◆ WHAT YOU NEED TO DO:
Transcribe the records verbatim, images excluded.

◆ DATA EXTRACT:
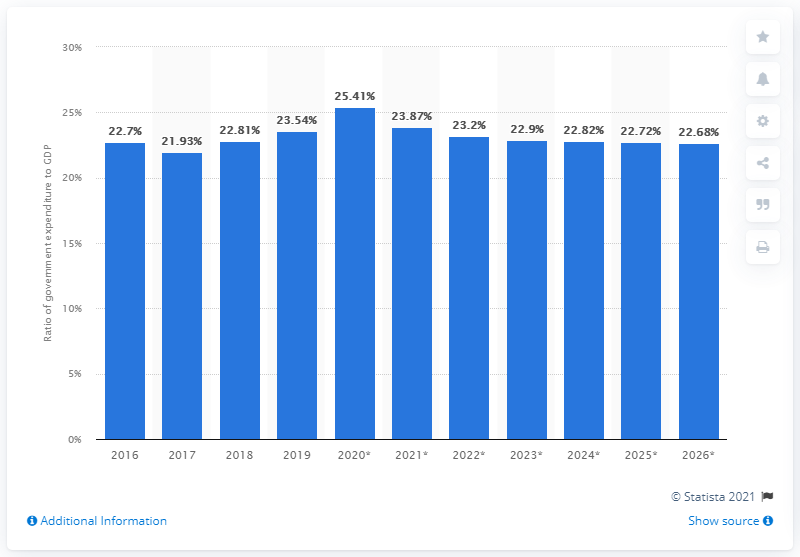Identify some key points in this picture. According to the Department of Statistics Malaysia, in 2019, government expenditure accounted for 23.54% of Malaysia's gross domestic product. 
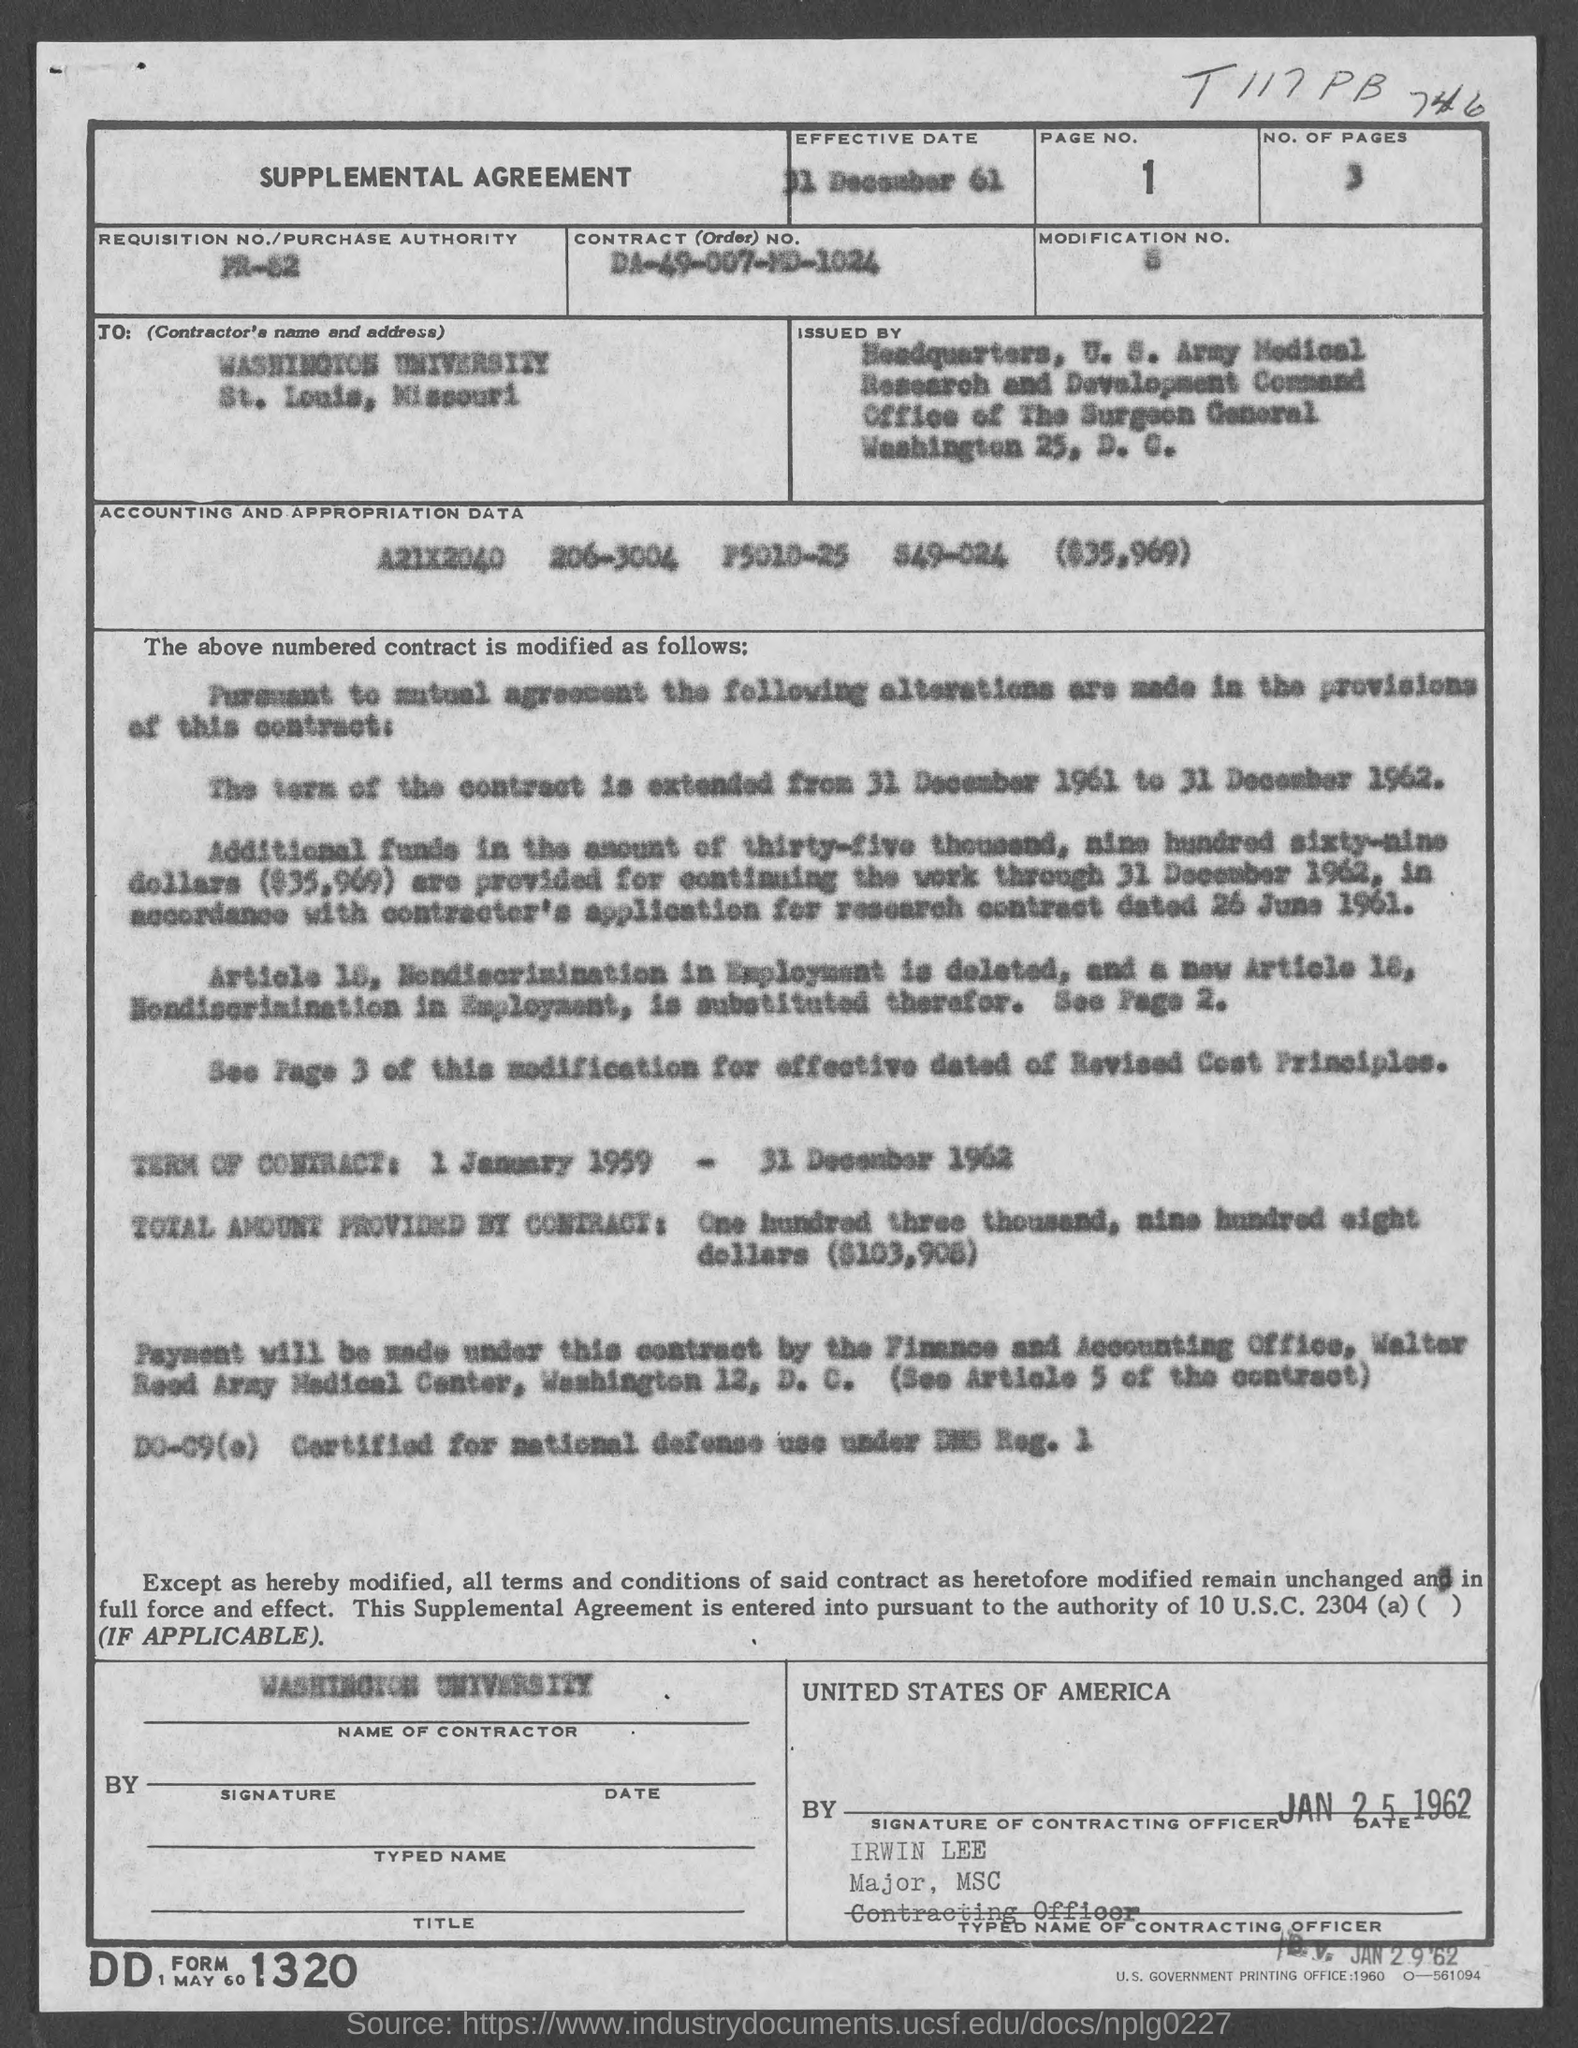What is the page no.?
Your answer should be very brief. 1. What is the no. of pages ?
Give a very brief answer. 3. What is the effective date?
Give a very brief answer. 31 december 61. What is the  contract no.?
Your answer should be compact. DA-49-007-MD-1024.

◆ RESULT OF THE TASK:
Identify some key points in this picture. According to the Department of Statistics Malaysia, in 2019, government expenditure accounted for 23.54% of Malaysia's gross domestic product. 
What is the page no.?
Your answer should be very brief. 1. What is the no. of pages ?
Give a very brief answer. 3. What is the effective date?
Give a very brief answer. 31 december 61. What is the  contract no.?
Your answer should be compact. DA-49-007-MD-1024.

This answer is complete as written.